-- Opening Marker --

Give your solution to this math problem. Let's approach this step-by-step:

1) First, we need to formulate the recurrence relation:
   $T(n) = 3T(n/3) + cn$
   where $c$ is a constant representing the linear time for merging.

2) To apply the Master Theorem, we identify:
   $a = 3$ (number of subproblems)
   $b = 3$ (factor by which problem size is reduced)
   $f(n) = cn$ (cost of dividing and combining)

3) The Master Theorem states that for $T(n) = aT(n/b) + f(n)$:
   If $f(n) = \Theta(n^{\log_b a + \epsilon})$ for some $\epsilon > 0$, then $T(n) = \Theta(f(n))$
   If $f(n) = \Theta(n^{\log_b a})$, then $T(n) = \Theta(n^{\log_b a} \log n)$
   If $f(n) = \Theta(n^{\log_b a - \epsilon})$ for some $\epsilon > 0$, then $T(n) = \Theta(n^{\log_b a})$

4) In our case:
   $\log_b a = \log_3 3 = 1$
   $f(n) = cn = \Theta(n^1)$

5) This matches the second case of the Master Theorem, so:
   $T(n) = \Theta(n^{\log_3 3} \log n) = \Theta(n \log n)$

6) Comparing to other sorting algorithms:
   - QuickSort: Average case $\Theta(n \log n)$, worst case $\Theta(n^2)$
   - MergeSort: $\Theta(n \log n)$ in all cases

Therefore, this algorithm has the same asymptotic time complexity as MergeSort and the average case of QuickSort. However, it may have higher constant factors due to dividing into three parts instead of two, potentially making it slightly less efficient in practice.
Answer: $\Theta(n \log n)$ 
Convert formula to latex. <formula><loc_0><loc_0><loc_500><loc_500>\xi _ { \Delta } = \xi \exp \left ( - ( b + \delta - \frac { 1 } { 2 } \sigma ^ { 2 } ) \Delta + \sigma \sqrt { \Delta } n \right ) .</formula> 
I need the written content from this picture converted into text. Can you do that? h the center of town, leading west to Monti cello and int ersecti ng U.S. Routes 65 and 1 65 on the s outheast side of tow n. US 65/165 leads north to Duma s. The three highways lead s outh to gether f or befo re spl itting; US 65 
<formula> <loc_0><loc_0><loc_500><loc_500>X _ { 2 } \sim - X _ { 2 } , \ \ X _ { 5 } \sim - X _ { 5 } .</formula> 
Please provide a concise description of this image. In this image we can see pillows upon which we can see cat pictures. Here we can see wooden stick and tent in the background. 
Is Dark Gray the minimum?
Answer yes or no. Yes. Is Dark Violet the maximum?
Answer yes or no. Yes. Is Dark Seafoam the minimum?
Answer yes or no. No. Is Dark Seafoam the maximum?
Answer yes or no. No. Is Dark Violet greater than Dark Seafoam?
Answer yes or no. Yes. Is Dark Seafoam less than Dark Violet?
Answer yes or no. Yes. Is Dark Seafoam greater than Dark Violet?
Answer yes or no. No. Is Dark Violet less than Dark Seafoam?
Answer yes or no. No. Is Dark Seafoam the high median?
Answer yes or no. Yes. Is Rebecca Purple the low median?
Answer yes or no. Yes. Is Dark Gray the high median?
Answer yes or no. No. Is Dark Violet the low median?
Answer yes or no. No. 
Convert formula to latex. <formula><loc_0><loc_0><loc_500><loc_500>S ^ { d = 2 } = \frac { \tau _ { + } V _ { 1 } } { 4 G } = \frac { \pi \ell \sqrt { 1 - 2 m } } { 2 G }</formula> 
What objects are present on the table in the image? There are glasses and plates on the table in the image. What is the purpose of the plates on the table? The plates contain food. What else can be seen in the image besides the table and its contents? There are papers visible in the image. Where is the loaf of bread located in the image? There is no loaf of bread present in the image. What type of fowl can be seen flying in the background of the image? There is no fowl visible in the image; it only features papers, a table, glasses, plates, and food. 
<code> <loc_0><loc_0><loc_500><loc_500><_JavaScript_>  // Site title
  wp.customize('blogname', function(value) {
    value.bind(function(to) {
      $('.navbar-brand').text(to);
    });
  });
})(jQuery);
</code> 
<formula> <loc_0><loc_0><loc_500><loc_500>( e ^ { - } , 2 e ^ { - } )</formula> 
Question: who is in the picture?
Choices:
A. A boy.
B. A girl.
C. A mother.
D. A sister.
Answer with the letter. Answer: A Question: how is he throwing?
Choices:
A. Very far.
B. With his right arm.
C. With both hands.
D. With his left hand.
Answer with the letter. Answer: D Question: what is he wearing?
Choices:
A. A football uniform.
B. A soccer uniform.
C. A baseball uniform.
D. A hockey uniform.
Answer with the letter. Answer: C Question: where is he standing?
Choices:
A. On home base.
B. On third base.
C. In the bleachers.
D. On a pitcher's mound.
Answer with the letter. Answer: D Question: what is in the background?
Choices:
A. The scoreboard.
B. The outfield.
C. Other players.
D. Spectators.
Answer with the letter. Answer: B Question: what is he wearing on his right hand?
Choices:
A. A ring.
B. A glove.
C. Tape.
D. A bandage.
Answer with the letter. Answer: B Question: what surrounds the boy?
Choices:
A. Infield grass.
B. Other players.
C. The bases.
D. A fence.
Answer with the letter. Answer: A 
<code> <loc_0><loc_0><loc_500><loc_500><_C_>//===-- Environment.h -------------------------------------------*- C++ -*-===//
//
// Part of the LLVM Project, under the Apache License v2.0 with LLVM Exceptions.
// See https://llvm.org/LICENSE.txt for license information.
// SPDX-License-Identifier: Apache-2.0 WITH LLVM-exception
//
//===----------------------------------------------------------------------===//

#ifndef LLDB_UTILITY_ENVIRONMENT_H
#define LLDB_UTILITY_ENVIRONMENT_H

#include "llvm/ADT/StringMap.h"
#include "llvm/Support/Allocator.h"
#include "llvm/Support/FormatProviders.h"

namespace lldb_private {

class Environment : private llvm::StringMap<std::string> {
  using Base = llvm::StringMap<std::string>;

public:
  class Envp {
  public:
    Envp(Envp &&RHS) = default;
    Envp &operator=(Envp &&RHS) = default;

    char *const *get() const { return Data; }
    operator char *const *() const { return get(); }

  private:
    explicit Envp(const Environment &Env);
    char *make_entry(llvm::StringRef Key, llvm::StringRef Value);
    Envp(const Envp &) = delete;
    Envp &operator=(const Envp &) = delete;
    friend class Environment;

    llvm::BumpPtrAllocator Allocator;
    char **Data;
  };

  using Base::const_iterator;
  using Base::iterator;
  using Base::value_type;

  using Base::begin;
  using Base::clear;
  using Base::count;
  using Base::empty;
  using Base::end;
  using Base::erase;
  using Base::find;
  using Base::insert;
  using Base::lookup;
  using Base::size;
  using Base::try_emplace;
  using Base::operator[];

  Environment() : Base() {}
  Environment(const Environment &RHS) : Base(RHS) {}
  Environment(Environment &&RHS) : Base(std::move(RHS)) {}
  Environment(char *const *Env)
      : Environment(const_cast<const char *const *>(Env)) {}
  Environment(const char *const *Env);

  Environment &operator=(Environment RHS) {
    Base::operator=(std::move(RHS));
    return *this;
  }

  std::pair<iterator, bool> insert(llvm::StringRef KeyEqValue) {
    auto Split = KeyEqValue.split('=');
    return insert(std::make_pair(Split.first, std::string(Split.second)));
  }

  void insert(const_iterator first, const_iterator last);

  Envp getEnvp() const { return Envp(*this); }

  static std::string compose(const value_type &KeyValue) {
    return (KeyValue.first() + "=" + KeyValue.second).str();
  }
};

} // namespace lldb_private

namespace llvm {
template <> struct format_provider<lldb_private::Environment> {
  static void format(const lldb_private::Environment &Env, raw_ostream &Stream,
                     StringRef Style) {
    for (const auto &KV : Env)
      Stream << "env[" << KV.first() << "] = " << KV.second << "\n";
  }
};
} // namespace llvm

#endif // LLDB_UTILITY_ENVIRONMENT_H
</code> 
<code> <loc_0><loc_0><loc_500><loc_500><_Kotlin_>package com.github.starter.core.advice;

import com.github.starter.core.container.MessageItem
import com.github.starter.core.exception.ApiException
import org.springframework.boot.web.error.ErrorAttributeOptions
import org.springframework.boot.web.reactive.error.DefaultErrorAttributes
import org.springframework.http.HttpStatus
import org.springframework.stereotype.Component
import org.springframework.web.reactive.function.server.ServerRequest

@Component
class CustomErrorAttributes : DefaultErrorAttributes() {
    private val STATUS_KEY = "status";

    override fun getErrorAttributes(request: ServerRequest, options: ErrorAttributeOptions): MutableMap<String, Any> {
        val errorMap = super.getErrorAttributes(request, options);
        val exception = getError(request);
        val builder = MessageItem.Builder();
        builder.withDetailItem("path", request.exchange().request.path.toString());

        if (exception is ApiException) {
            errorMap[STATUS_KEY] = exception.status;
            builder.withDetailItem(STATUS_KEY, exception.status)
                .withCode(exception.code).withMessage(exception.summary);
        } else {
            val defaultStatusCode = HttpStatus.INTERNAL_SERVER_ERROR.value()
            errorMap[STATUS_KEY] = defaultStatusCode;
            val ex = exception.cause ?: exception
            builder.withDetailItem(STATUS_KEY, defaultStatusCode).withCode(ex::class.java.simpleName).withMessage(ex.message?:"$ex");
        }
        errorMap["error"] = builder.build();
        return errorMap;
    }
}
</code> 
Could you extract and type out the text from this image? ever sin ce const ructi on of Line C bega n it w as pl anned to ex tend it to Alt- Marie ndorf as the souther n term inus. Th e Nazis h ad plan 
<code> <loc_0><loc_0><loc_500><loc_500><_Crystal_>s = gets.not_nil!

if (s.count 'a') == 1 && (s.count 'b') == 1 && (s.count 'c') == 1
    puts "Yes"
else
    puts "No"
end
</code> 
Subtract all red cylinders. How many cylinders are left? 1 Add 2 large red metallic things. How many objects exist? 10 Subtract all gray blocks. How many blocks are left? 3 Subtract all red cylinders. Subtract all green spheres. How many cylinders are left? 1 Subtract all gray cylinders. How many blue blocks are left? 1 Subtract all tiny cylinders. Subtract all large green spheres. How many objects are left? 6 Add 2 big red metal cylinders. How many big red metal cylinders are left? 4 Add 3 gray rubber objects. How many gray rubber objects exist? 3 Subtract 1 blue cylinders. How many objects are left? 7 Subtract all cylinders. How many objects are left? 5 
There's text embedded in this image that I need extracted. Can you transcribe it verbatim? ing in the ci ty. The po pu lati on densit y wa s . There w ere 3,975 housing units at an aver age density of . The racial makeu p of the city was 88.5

-- Closing Marker --

Retrieve every line above holding the word "time".

   where $c$ is a constant representing the linear time for merging.
Therefore, this algorithm has the same asymptotic time complexity as MergeSort and the average case of QuickSort. However, it may have higher constant factors due to dividing into three parts instead of two, potentially making it slightly less efficient in practice.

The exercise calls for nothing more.